The method and the presented results seem logical and reasonable; no significant flaws were detected by my side, even though I am not an expert in GCMs, especially not for this model. Therefore, from my modest perspective, I see the paper as acceptable, but there are some suggestions and comments from my side:
Major comments:
The temporal framework in which the model results are presented is based on glacial cycles and the marine isotope stages, whereas the research target is mainly tropical. There are arguments to see this as problematic, as it can be a north-western perspective that acts as a framework to understand tropical climate, leading to false reasoning about forcing factors. They may also lead to false conclusions when they are used to discussing tropical climates if NH climate implications are applied. In contrast, cycles of the Monsoon Index could simply be counted and labeled, or absolute ages could be used.
The draft presents its results mainly as a cost-efficient estimation of past AHP patterns based on the simple linear fit. However, the fit itself is of interest, as it shows that orbitals are the main drivers of AHPs, not GHGs or ice sheets. Why is this not presented as an exciting result to be discussed?
Vegetation and vegetation feedback are non-linear and have multimodal distributions. However, EOF assumes unimodality and works better with a Gaussian distribution. How is this considered?
Minor Comments:
L5: Capitalize African Humid Period (AHP)?
L25: „1.7 ka to 4.2 ka,“ Where are these definite numbers from? There is a reference needed. Also, a broadened perspective on when, where, and how the AHP ends would be helpful (e.g., abrupt/ gradual, eastern vs. western Africa, or N-S transect, e.g., Shanahan et al., 2015)
L110: Marine sediment reflectance is rapidly introduced here and would need some more explanation for the non-marine audience
L115: More wording could be helpful to explain that the output of the model is compared to proxy results and other model insights
L145: Eastern Africa instead of East Africa, as East Africa refers to the colonial name, whereas eastern Africa is the geographical term
L165: If the last AHP, which has the best ground truth so far, is not correctly reconstructed, how do we assume the model works correctly?
L235: I think this is an exciting output of the study as it shows, with a simple linear model, the contributions of the forcing factors to Africa’s climate heartbeat.
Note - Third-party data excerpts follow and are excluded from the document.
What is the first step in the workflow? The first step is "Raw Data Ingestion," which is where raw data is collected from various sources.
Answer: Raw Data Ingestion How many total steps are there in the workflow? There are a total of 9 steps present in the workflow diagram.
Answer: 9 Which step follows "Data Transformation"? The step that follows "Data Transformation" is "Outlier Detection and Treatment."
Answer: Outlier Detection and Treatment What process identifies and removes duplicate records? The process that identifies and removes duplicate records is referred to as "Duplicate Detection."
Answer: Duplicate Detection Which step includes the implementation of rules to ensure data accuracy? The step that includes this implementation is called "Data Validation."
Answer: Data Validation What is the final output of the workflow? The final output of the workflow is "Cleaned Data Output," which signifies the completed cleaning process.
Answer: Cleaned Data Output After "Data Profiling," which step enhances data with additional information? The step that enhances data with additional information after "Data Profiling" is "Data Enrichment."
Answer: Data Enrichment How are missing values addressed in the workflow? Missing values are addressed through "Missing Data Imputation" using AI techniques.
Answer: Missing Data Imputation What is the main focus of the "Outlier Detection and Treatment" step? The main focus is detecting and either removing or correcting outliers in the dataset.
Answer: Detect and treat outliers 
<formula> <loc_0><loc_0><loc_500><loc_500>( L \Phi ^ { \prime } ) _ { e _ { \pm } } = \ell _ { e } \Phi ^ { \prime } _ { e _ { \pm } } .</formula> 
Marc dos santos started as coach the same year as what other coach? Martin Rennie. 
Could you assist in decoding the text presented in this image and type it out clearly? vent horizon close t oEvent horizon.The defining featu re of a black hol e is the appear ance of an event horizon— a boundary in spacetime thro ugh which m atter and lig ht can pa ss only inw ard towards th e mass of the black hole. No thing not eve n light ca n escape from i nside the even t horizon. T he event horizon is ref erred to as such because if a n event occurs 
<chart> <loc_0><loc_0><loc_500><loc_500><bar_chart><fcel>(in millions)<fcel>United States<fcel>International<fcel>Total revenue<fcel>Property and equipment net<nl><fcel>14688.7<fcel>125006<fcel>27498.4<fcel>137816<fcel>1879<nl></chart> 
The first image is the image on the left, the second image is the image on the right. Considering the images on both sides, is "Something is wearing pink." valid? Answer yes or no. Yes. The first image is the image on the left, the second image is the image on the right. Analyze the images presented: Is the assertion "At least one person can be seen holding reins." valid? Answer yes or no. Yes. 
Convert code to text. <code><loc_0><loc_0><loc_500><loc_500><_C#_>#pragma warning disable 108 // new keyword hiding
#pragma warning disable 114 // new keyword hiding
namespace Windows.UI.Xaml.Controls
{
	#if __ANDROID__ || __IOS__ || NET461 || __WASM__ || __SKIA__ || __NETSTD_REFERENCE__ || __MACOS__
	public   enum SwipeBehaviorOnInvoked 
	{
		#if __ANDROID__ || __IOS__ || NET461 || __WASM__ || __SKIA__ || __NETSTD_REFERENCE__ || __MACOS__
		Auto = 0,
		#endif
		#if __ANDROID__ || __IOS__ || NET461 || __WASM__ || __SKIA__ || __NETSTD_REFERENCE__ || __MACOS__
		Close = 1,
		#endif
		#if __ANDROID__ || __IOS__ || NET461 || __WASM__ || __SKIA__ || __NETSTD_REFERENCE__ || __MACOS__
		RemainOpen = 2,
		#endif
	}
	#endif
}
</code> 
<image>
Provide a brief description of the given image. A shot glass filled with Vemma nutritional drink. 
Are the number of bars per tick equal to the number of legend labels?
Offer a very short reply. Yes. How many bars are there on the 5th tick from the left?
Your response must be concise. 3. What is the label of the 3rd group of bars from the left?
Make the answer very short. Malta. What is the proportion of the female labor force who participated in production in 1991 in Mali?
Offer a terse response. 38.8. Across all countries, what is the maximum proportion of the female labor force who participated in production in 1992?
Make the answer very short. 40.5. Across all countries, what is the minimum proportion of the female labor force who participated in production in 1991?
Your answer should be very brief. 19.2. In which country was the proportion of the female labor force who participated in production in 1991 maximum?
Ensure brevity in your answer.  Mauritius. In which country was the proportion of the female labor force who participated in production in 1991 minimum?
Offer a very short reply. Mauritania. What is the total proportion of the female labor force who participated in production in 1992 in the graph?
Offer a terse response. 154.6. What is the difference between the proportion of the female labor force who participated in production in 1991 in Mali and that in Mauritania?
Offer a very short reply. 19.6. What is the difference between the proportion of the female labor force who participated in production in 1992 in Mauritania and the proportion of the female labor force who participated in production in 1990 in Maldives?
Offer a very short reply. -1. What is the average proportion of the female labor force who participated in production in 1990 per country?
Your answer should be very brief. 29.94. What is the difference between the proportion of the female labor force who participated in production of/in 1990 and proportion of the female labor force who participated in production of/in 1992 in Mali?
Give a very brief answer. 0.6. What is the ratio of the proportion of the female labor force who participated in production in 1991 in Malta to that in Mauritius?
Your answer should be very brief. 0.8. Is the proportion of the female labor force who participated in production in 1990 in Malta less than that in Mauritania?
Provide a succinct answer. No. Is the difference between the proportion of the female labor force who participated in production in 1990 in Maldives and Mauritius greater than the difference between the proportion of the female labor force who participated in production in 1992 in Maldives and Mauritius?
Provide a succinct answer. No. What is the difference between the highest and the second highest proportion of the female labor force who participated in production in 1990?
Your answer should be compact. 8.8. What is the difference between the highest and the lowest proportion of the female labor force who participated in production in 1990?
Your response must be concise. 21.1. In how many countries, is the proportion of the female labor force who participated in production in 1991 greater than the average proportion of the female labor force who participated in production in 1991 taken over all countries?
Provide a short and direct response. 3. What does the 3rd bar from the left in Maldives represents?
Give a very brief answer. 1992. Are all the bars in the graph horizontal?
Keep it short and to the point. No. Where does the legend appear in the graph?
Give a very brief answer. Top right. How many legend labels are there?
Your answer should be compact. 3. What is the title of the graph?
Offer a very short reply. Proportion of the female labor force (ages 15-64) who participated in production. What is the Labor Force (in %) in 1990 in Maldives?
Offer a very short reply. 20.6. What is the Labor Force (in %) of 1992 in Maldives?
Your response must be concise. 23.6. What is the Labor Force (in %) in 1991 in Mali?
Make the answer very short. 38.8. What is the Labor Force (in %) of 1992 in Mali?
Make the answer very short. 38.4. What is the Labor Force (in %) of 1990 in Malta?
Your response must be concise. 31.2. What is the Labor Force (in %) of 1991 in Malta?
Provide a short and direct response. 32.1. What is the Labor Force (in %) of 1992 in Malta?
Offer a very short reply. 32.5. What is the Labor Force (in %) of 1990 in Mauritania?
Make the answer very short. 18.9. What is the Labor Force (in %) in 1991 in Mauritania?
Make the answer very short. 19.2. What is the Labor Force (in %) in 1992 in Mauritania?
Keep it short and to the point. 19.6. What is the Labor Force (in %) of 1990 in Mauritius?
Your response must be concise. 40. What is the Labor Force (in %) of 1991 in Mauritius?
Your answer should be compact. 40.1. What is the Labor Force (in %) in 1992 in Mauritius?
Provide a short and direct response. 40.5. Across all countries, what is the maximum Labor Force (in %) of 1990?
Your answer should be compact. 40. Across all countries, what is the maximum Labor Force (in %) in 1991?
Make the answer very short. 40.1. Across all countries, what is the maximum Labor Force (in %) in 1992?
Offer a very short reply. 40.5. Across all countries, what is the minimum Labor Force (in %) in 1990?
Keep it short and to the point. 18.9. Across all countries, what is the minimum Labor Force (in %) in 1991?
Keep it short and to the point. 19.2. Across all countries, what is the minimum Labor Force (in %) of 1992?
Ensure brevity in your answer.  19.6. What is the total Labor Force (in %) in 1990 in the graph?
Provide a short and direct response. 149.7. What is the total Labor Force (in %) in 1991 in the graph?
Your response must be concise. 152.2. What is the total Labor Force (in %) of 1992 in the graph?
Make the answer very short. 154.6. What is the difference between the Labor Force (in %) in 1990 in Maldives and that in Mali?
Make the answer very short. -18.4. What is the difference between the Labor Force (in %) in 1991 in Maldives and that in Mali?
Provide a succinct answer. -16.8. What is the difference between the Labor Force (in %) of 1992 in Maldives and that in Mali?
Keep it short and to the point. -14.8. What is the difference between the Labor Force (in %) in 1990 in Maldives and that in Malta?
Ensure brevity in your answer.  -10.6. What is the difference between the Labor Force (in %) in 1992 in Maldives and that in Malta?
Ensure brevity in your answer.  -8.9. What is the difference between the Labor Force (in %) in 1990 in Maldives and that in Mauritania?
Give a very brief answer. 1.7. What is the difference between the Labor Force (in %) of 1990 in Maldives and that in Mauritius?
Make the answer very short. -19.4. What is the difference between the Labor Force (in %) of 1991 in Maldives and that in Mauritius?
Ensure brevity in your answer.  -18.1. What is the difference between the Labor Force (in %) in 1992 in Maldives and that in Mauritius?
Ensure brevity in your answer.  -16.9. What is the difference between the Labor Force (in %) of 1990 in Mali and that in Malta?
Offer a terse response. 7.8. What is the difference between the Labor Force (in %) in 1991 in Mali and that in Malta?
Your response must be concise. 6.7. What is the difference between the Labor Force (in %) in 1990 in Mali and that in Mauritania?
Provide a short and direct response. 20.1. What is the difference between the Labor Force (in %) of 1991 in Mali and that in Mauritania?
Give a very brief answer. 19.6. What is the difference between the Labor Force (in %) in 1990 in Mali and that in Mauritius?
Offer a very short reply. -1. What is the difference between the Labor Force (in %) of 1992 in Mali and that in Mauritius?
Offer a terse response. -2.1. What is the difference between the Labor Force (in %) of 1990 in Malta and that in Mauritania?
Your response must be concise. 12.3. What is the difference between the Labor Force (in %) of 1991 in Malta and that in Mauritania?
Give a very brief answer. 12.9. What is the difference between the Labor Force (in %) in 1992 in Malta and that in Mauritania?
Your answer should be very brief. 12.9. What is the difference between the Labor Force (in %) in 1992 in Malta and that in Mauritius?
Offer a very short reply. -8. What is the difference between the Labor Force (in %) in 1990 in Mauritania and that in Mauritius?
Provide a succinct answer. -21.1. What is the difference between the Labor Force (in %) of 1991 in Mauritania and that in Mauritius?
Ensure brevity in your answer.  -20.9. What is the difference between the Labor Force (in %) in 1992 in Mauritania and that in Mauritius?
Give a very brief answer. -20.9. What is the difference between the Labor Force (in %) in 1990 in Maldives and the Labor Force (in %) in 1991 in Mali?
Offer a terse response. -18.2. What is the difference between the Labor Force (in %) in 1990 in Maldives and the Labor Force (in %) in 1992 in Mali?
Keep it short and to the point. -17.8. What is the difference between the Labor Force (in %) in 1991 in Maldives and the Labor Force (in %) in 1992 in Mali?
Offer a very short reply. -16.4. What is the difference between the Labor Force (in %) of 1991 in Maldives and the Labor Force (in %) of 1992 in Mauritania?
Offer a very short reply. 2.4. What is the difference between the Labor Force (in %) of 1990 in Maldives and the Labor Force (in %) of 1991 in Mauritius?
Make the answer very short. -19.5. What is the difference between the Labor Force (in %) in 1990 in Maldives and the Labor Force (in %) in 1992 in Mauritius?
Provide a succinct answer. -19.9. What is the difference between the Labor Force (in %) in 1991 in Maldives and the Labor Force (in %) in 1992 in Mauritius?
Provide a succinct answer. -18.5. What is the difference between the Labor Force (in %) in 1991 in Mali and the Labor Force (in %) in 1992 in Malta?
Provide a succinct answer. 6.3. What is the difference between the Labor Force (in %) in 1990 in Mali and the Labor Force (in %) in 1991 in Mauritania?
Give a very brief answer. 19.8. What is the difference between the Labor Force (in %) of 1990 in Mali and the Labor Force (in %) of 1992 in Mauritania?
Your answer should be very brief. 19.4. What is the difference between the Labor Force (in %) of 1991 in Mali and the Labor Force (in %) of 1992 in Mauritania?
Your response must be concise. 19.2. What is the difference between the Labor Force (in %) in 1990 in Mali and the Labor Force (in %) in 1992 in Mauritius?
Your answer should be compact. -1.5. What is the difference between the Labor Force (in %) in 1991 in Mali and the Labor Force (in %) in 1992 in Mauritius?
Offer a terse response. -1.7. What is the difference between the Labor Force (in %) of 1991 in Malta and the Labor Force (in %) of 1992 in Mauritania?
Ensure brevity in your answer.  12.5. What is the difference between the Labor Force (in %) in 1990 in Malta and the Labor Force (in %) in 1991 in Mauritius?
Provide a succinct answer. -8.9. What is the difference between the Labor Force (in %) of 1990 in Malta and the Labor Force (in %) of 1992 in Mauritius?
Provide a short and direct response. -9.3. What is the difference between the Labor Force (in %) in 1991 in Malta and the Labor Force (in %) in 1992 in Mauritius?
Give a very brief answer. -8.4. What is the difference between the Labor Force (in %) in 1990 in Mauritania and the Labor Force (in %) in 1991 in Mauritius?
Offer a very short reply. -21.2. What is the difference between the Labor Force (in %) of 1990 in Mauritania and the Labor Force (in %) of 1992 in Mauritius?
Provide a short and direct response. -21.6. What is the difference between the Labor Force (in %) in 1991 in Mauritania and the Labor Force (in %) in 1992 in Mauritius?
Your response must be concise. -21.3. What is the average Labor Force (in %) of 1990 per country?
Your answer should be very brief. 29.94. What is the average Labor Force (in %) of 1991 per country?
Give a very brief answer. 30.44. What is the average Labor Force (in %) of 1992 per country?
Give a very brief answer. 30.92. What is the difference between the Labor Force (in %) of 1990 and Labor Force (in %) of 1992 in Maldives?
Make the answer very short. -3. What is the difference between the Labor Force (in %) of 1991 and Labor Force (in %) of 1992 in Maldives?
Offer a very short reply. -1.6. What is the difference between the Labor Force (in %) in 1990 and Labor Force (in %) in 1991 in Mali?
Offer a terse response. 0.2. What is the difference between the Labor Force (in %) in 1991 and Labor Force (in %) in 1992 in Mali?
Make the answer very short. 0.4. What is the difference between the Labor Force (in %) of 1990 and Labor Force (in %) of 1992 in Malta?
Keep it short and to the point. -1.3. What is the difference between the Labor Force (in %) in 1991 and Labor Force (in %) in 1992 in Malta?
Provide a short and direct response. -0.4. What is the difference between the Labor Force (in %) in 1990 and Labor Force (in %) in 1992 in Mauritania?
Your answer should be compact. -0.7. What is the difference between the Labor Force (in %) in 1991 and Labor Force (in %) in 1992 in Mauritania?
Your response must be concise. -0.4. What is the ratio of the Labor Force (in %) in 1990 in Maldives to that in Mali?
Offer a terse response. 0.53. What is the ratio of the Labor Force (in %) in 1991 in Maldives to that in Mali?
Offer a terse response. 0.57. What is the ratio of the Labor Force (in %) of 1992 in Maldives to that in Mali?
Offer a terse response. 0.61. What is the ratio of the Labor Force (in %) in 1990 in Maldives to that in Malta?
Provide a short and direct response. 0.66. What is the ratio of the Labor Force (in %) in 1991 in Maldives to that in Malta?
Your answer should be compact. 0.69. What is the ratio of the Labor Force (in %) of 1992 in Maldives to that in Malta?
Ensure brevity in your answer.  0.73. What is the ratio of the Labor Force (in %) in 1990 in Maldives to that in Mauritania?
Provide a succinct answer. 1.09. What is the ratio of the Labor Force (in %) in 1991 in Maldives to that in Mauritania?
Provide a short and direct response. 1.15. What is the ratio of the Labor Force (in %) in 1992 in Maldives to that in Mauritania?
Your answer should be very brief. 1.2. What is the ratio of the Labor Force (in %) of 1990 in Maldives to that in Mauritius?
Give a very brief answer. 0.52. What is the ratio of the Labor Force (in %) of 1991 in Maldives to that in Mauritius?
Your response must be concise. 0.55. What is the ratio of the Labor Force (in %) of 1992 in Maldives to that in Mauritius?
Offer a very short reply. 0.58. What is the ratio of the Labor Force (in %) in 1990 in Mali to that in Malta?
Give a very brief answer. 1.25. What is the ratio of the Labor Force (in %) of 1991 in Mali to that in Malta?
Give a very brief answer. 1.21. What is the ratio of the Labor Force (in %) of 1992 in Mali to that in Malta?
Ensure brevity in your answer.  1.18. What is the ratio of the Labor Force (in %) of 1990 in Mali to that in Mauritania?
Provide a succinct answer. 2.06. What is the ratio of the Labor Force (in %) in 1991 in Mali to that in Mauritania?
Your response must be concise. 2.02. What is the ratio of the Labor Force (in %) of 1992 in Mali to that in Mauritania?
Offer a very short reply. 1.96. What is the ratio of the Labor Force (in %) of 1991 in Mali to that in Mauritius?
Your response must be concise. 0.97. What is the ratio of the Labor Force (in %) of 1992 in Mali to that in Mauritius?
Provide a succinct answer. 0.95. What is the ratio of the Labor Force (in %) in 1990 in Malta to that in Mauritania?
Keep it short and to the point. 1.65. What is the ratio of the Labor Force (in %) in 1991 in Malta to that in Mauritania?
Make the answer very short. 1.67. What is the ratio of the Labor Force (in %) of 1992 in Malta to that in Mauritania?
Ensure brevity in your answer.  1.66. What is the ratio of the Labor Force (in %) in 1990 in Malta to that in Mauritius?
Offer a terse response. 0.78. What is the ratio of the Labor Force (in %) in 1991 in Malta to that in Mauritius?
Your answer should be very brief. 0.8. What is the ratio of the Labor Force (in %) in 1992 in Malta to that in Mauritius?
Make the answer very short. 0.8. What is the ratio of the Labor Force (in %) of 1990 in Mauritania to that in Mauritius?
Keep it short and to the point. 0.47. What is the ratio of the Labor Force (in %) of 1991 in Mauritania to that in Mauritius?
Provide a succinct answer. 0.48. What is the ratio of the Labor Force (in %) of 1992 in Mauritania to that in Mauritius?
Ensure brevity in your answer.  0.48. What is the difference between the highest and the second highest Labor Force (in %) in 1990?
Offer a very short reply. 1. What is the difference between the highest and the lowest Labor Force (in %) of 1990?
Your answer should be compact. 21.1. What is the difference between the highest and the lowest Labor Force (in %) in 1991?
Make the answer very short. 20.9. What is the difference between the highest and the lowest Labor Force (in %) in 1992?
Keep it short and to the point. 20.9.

For the last sentence, I would pronounce the weakening of the orbital forcing without necessarily increasing NH forcing on tropical African climate.
L325: Indeed, pattern scaling is an empirical method, and there is no precursor to having the model trained on, so it is extrapolating; hence, reaction patterns to this GHG forcing are simply unknown.
L375: An AHP SW-NE tilt exists in the Krapp et al. (2021) dataset, foremost in the MAP. It is weak and underestimated compared to the terrestrial observations, but it exists.